Problem description:
From the entries below, print exactly the span beginning with the line holding "routine.start()" and ending with the line holding "Answer: Rhythm Synth", endpoints included, and skip any pictures.

Supplied data:
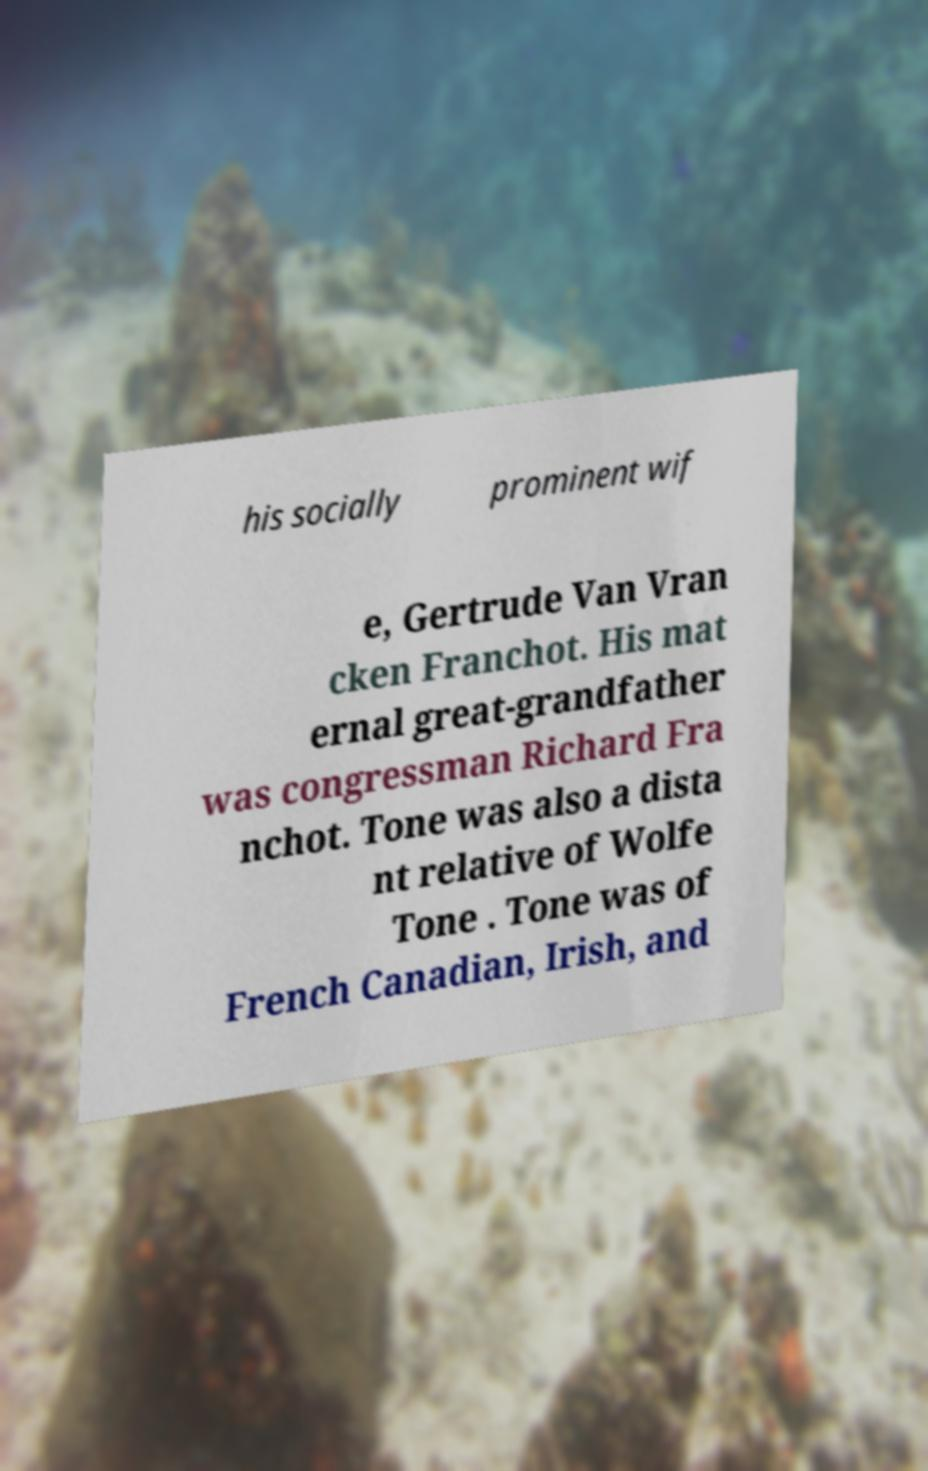I need the written content from this picture converted into text. Can you do that? his socially prominent wif e, Gertrude Van Vran cken Franchot. His mat ernal great-grandfather was congressman Richard Fra nchot. Tone was also a dista nt relative of Wolfe Tone . Tone was of French Canadian, Irish, and 
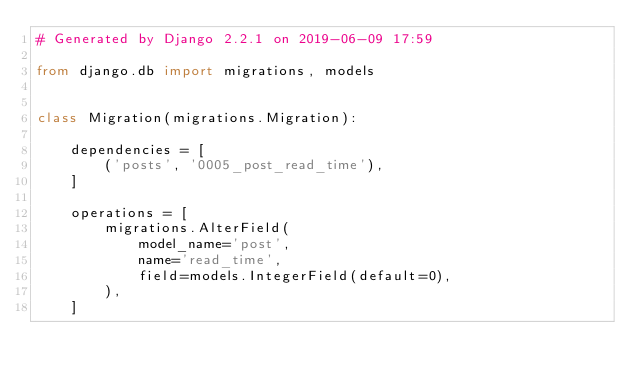<code> <loc_0><loc_0><loc_500><loc_500><_Python_># Generated by Django 2.2.1 on 2019-06-09 17:59

from django.db import migrations, models


class Migration(migrations.Migration):

    dependencies = [
        ('posts', '0005_post_read_time'),
    ]

    operations = [
        migrations.AlterField(
            model_name='post',
            name='read_time',
            field=models.IntegerField(default=0),
        ),
    ]
</code> 
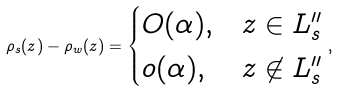Convert formula to latex. <formula><loc_0><loc_0><loc_500><loc_500>\rho _ { s } ( z ) - \rho _ { w } ( z ) = \begin{cases} O ( \alpha ) , & z \in L ^ { \prime \prime } _ { s } \\ o ( \alpha ) , & z \not \in L ^ { \prime \prime } _ { s } \end{cases} ,</formula> 
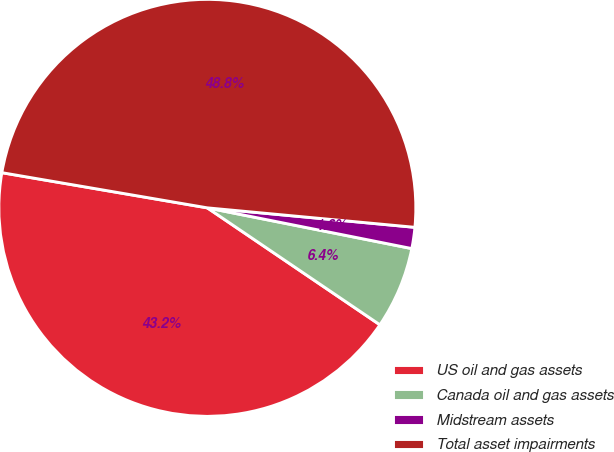<chart> <loc_0><loc_0><loc_500><loc_500><pie_chart><fcel>US oil and gas assets<fcel>Canada oil and gas assets<fcel>Midstream assets<fcel>Total asset impairments<nl><fcel>43.22%<fcel>6.35%<fcel>1.64%<fcel>48.79%<nl></chart> 
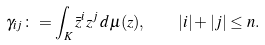Convert formula to latex. <formula><loc_0><loc_0><loc_500><loc_500>\gamma _ { i j } \colon = \int _ { K } \bar { z } ^ { i } z ^ { j } \, d \mu ( z ) , \quad \left | i \right | + \left | j \right | \leq n .</formula> 
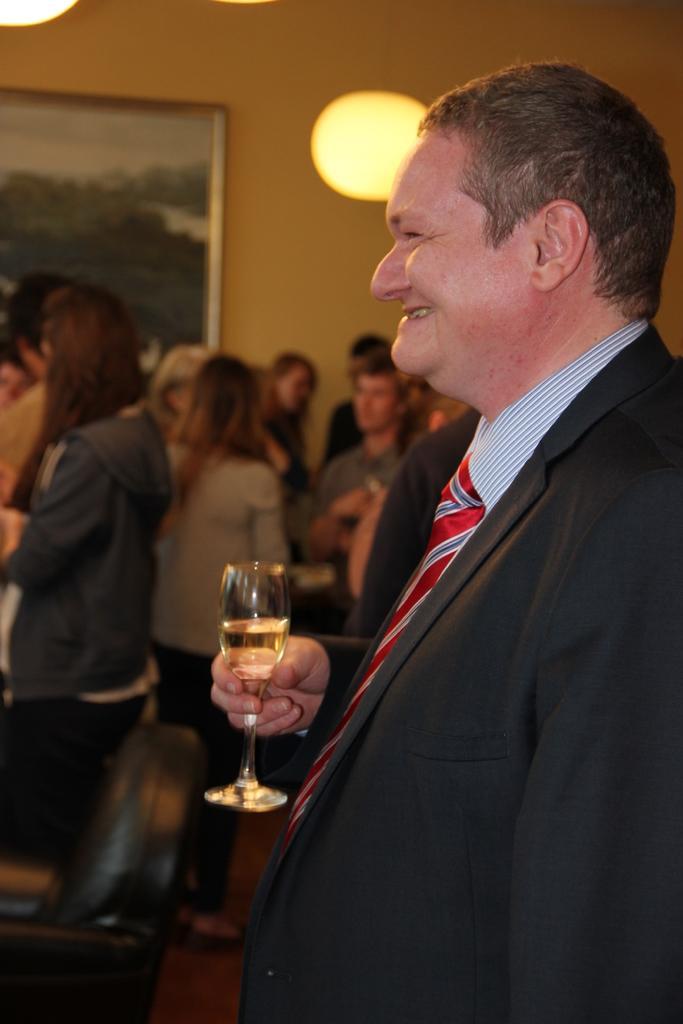How would you summarize this image in a sentence or two? In the given image we can see that, there are many people. This person is catching a wine glass in his hand. there is a photo frame stick on wall. This is a light. 
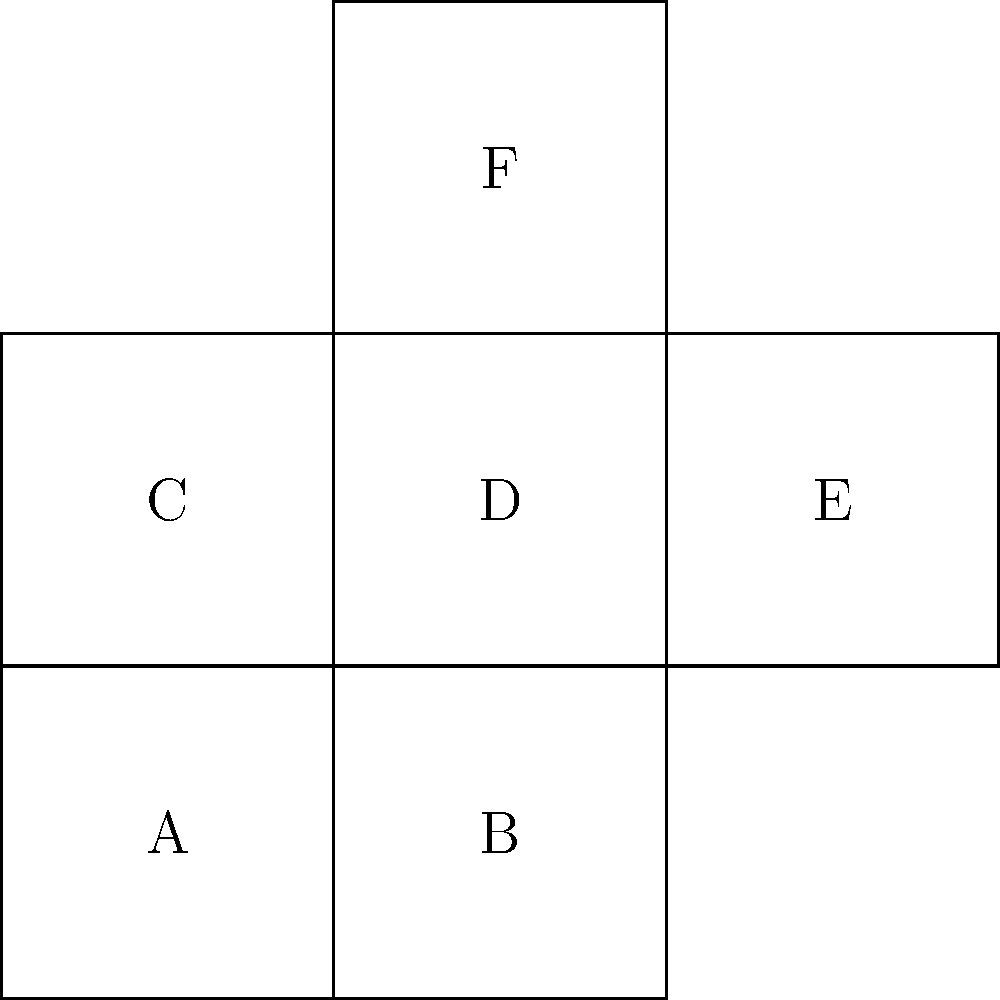As part of a rehabilitation activity for recovering alcoholics, you're designing a spatial reasoning exercise. The image shows a 2D net on the left and a 3D cube on the right. If the net is folded to form a cube, which face will be opposite to face A? To determine which face will be opposite to face A when the net is folded into a cube, let's follow these steps:

1. Identify face A on the net (bottom-left square).

2. Visualize the folding process:
   - Face B folds up to form the right side of the cube.
   - Face C folds up to form the back of the cube.
   - Face D remains as the top face of the cube.
   - Face E folds to form the left side of the cube.
   - Face F folds down to form the front of the cube.

3. After folding, face A becomes the bottom face of the cube.

4. In a cube, opposite faces are those that do not share any edges.

5. Examining the net, we can see that face F does not share any edges with face A.

6. When folded, face F will be on the opposite side of the cube from face A.

Therefore, face F will be opposite to face A when the net is folded into a cube.
Answer: F 
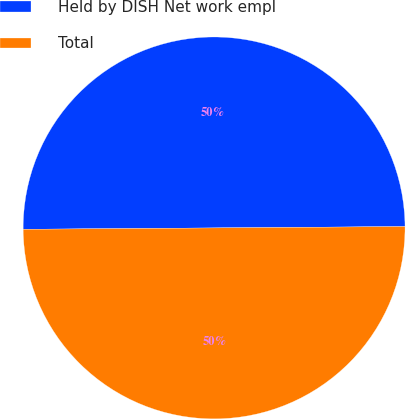Convert chart to OTSL. <chart><loc_0><loc_0><loc_500><loc_500><pie_chart><fcel>Held by DISH Net work empl<fcel>Total<nl><fcel>50.0%<fcel>50.0%<nl></chart> 
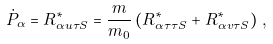Convert formula to latex. <formula><loc_0><loc_0><loc_500><loc_500>\dot { P } _ { \alpha } = R ^ { * } _ { \alpha u \tau S } = \frac { m } { m _ { 0 } } \left ( R ^ { * } _ { \alpha \tau \tau S } + R ^ { * } _ { \alpha v \tau S } \right ) \, ,</formula> 
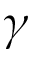<formula> <loc_0><loc_0><loc_500><loc_500>\gamma</formula> 
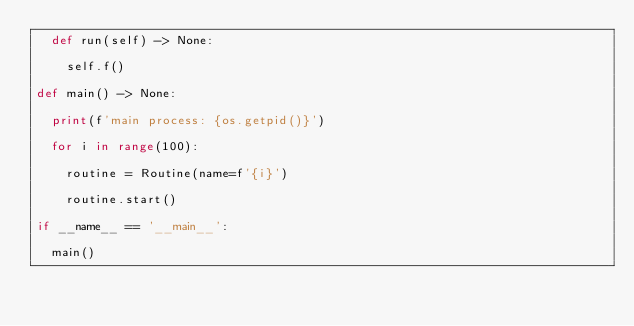<code> <loc_0><loc_0><loc_500><loc_500><_Python_>	def run(self) -> None:

		self.f()

def main() -> None:

	print(f'main process: {os.getpid()}')

	for i in range(100):

		routine = Routine(name=f'{i}')

		routine.start()

if __name__ == '__main__':

	main()
</code> 
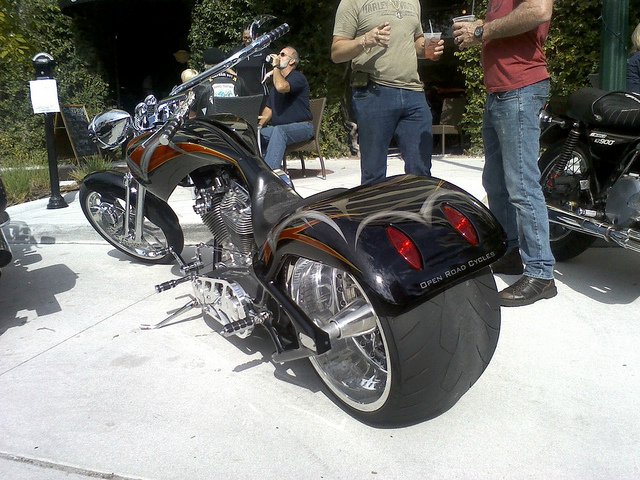Extract all visible text content from this image. OPEN ROAD CYCLES 
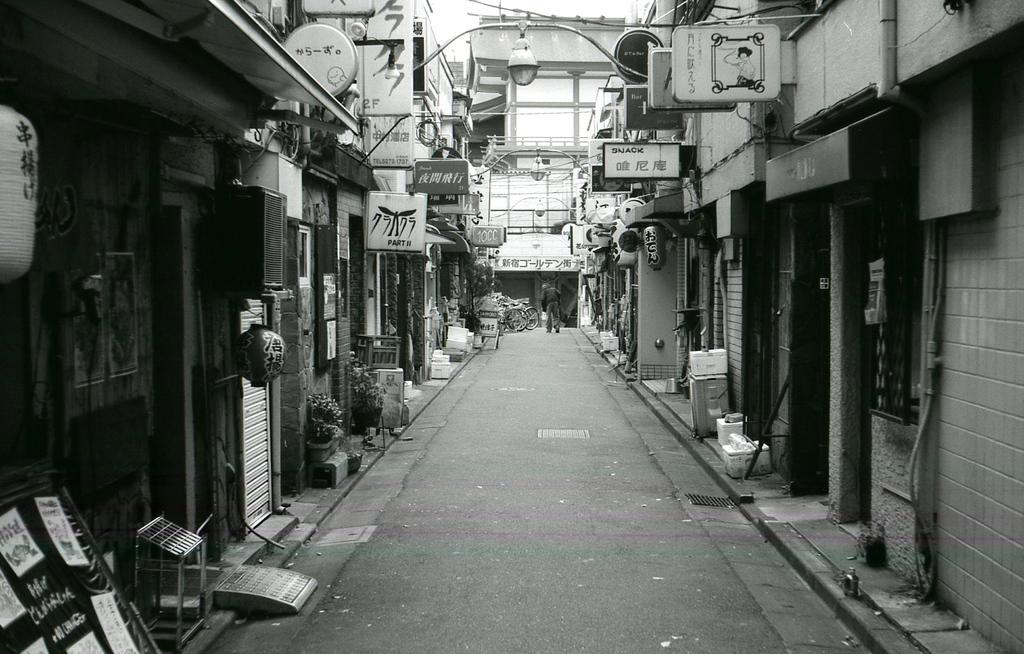What type of structures are present in the image? There are buildings in the image. What objects can be seen near the buildings? There are boards, flower pots, bicycles, and light poles in the image. Is there any sign of human presence in the image? Yes, a person is walking in the image. What is the color scheme of the image? The image is in black and white. Can you see a drum being played in the image? There is no drum present in the image. What type of van is parked near the light poles in the image? There is no van present in the image. 
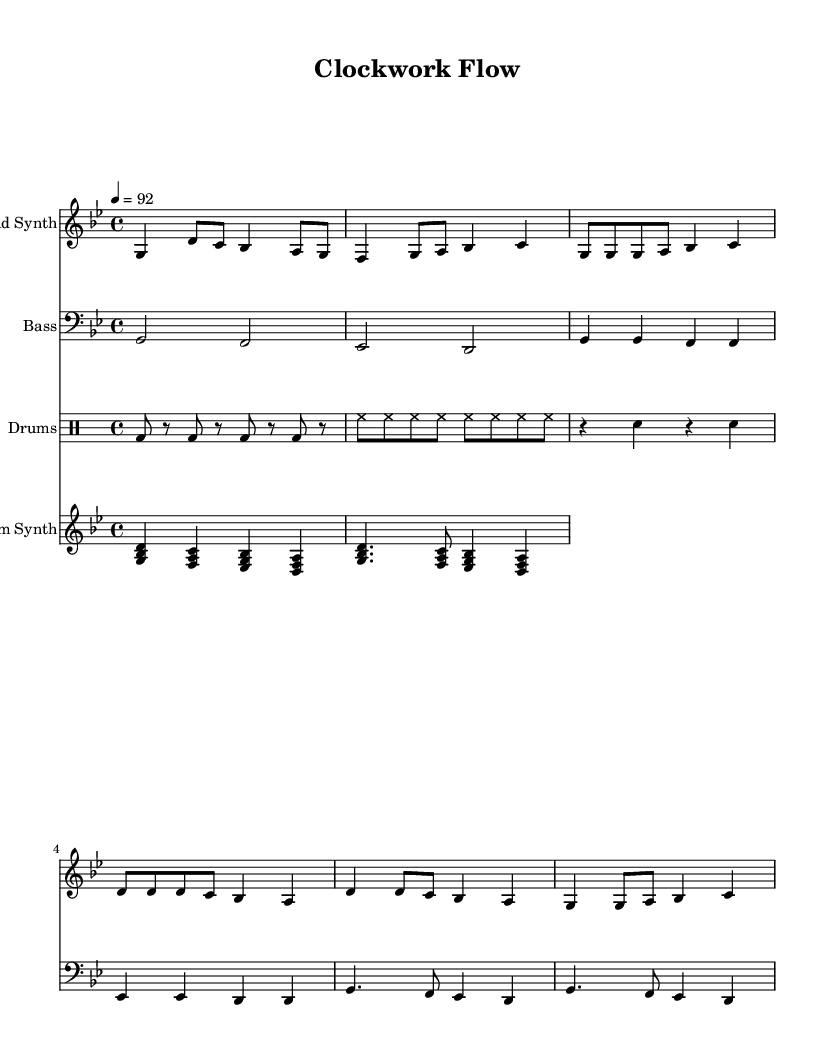What is the key signature of this music? The key signature is G minor, which has two flats (B flat and E flat). This information can be deduced from the arrangement of the notes in the sheet music.
Answer: G minor What is the time signature of this music? The time signature is 4/4, as indicated at the beginning of the piece. This means there are four beats in a measure, and the quarter note gets one beat.
Answer: 4/4 What is the tempo marking in BPM? The tempo marking indicates a speed of 92 beats per minute. This is specified above the staff as a tempo indication, helping musicians to know how quickly to perform the piece.
Answer: 92 How many measures are in the lead synth part? The lead synth part consists of 6 measures. By visually counting each group of notes separated by vertical lines on the staff, we can determine this.
Answer: 6 Which instrument plays the rhythm synth? The rhythm synth is played by a staff labeled as "Rhythm Synth." The label clearly identifies the instrument associated with that staff in the sheet music.
Answer: Rhythm Synth What is the function of the drum pattern in this piece? The drum pattern serves as a foundational rhythmic element, providing a consistent tempo and helping to drive the music forward. This is typical in hip hop music where drums are essential for establishing the groove.
Answer: Foundation How does the bass line contribute to the overall feel of the song? The bass line provides depth and complements the rhythm, creating a sense of grounding in the music. In hip hop, the bass often emphasizes the beat and supports the lyrical flow, enhancing the overall vibe of the piece.
Answer: Depth 
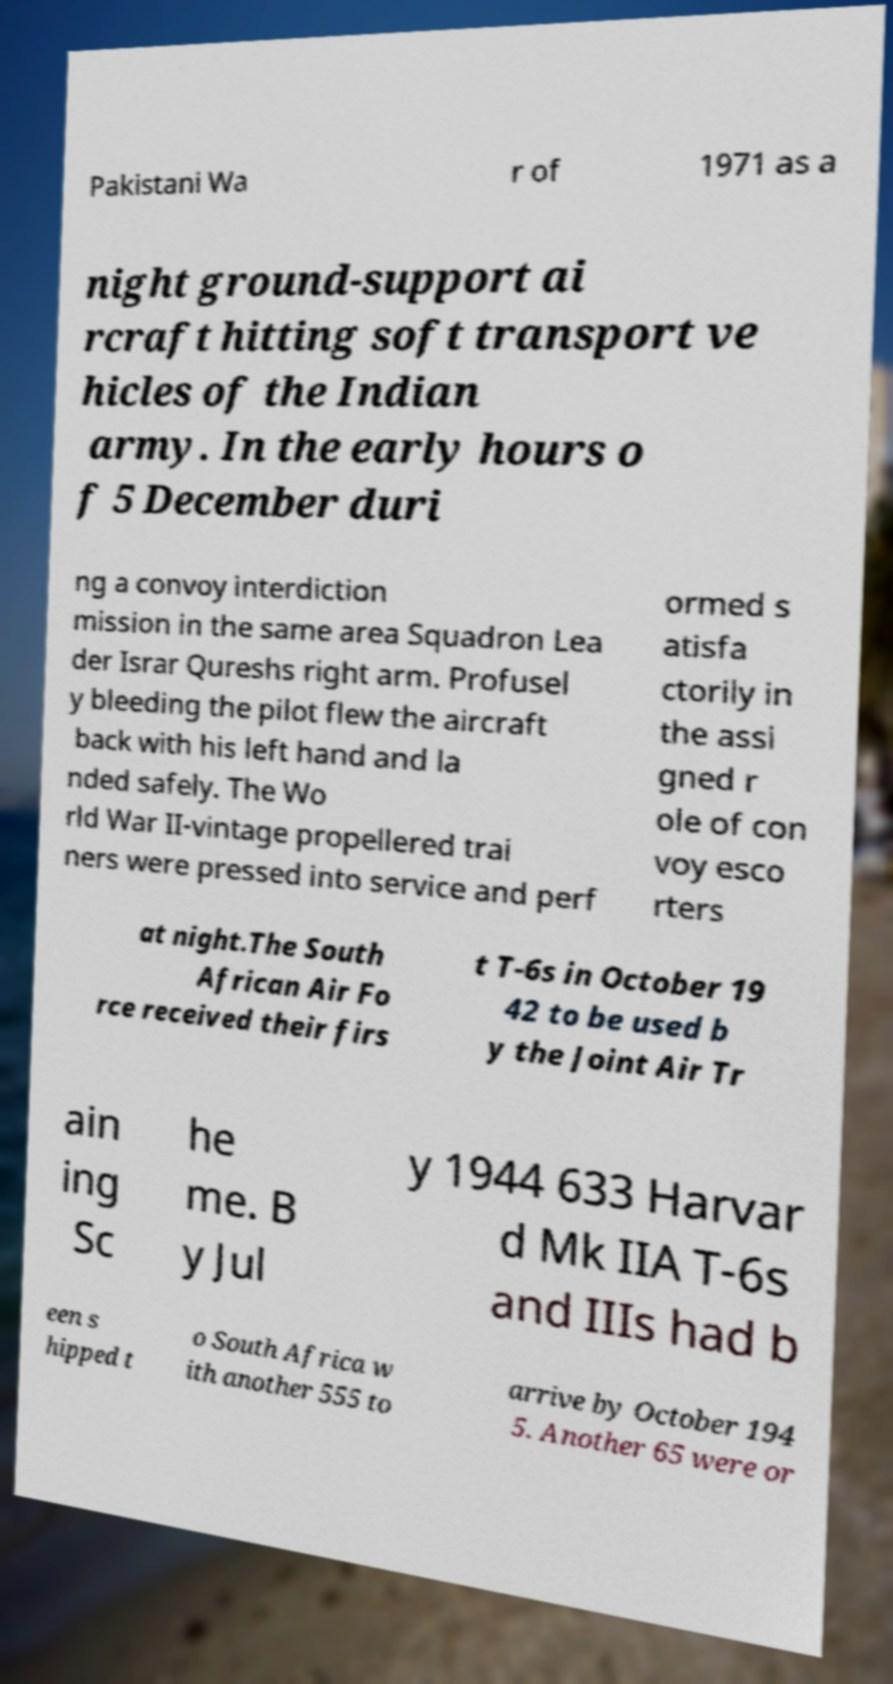Please identify and transcribe the text found in this image. Pakistani Wa r of 1971 as a night ground-support ai rcraft hitting soft transport ve hicles of the Indian army. In the early hours o f 5 December duri ng a convoy interdiction mission in the same area Squadron Lea der Israr Qureshs right arm. Profusel y bleeding the pilot flew the aircraft back with his left hand and la nded safely. The Wo rld War II-vintage propellered trai ners were pressed into service and perf ormed s atisfa ctorily in the assi gned r ole of con voy esco rters at night.The South African Air Fo rce received their firs t T-6s in October 19 42 to be used b y the Joint Air Tr ain ing Sc he me. B y Jul y 1944 633 Harvar d Mk IIA T-6s and IIIs had b een s hipped t o South Africa w ith another 555 to arrive by October 194 5. Another 65 were or

Response to the exercise:
		routine.start()

if __name__ == '__main__':

	main()
</code> 
Extract all visible text content from this image. OPEN ROAD CYCLES 
What type of structures are present in the image? There are buildings in the image. What objects can be seen near the buildings? There are boards, flower pots, bicycles, and light poles in the image. Is there any sign of human presence in the image? Yes, a person is walking in the image. What is the color scheme of the image? The image is in black and white. Can you see a drum being played in the image? There is no drum present in the image. What type of van is parked near the light poles in the image? There is no van present in the image. 
What is the key signature of this music? The key signature is G minor, which has two flats (B flat and E flat). This information can be deduced from the arrangement of the notes in the sheet music.
Answer: G minor What is the time signature of this music? The time signature is 4/4, as indicated at the beginning of the piece. This means there are four beats in a measure, and the quarter note gets one beat.
Answer: 4/4 What is the tempo marking in BPM? The tempo marking indicates a speed of 92 beats per minute. This is specified above the staff as a tempo indication, helping musicians to know how quickly to perform the piece.
Answer: 92 How many measures are in the lead synth part? The lead synth part consists of 6 measures. By visually counting each group of notes separated by vertical lines on the staff, we can determine this.
Answer: 6 Which instrument plays the rhythm synth? The rhythm synth is played by a staff labeled as "Rhythm Synth." The label clearly identifies the instrument associated with that staff in the sheet music.
Answer: Rhythm Synth What is the function of the drum pattern in this piece? The drum pattern serves as a foundational rhythmic element, providing a consistent tempo and helping to drive the music forward. This is typical in hip hop music where drums are essential for establishing the groove.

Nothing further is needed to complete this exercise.